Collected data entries
————————

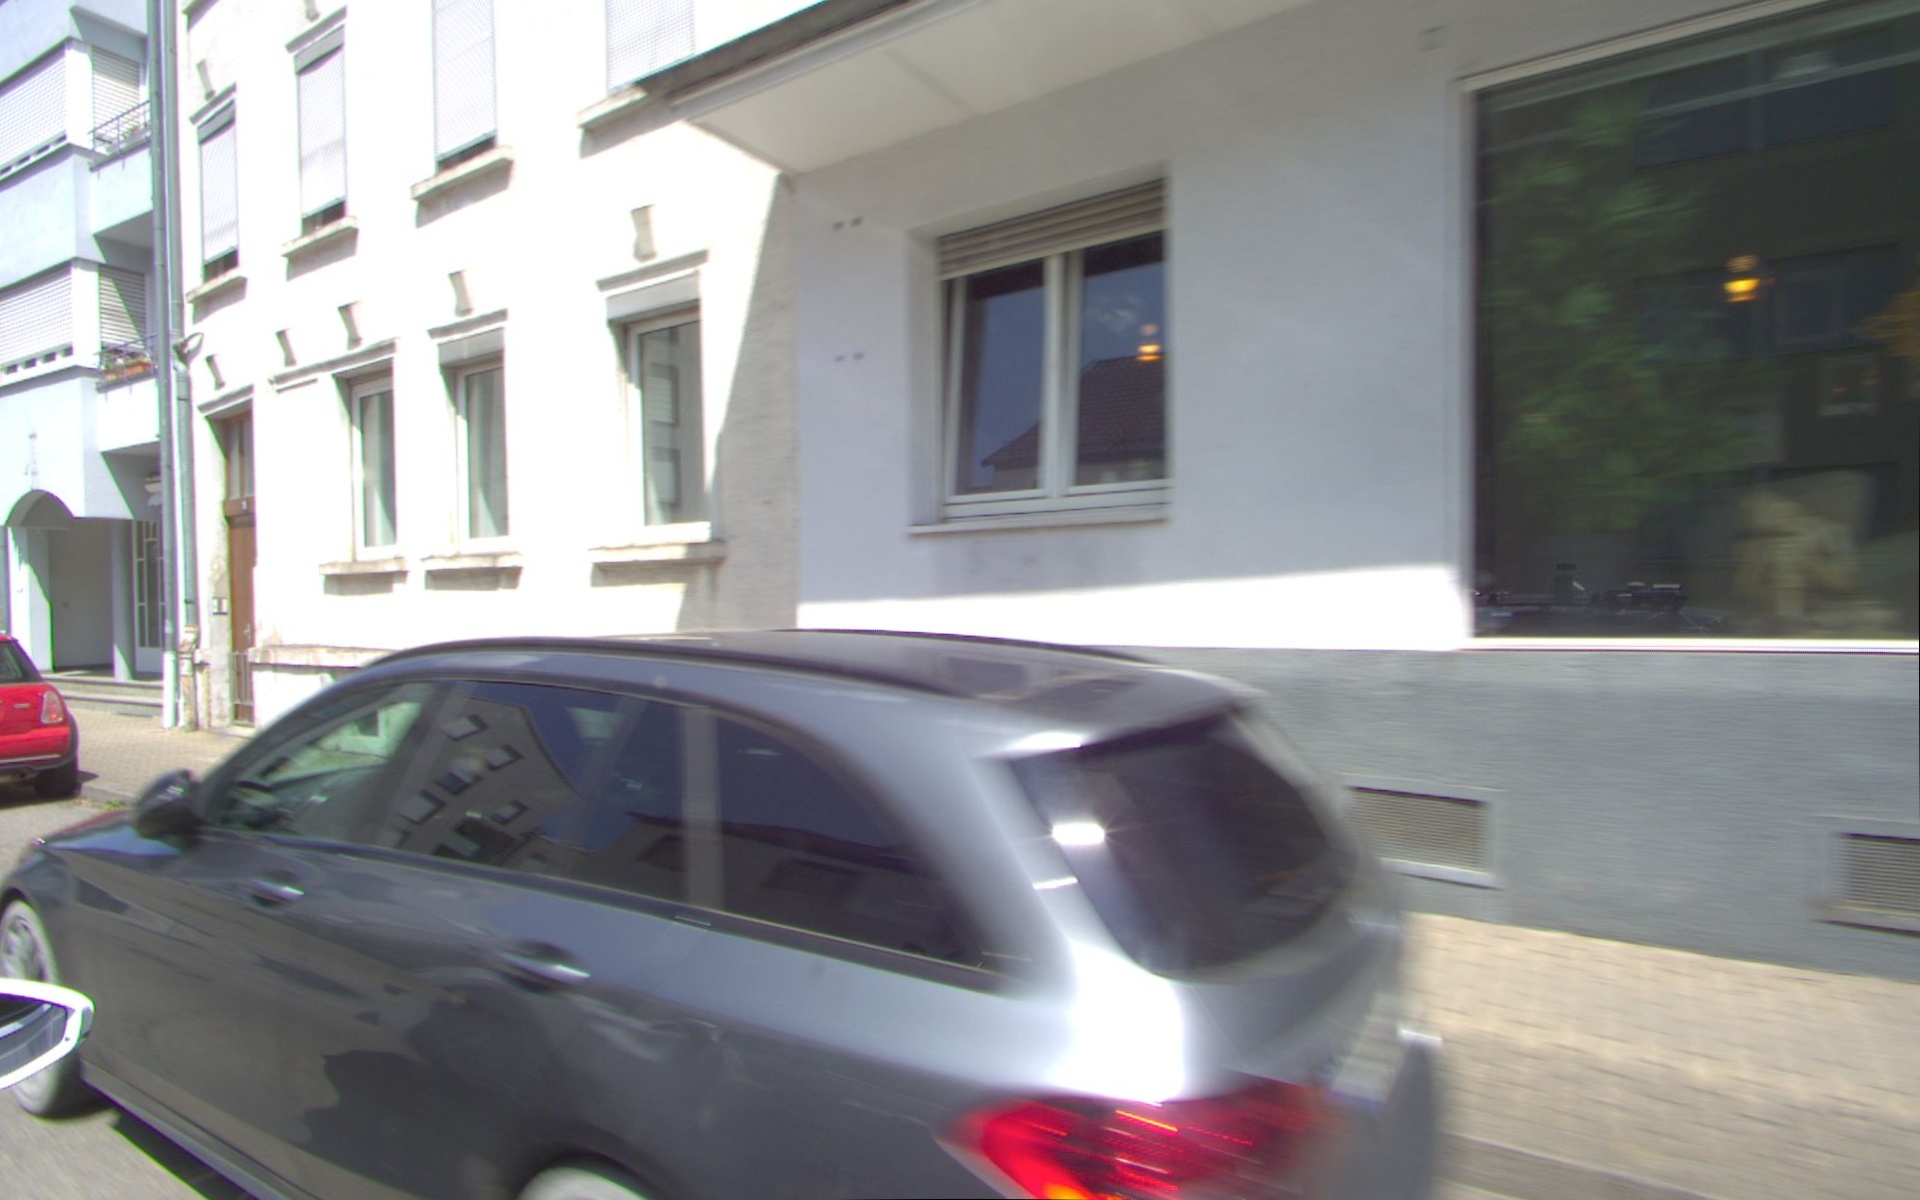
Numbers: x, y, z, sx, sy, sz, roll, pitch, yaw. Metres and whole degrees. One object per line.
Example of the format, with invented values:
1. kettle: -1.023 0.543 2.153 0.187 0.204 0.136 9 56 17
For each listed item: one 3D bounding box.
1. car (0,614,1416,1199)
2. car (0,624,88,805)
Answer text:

————————

*Exercise details*. What you hand back should match the entries above exactly, except that no picture appears.

*Written answer*.
Numbers: x, y, z, sx, sy, sz, roll, pitch, yaw. Metres and whole degrees. One object per line.
Example of the format, with invented values:
1. kettle: -1.023 0.543 2.153 0.187 0.204 0.136 9 56 17
For each listed item: one 3D bounding box.
1. car (0,614,1416,1199)
2. car (0,624,88,805)
Answer text:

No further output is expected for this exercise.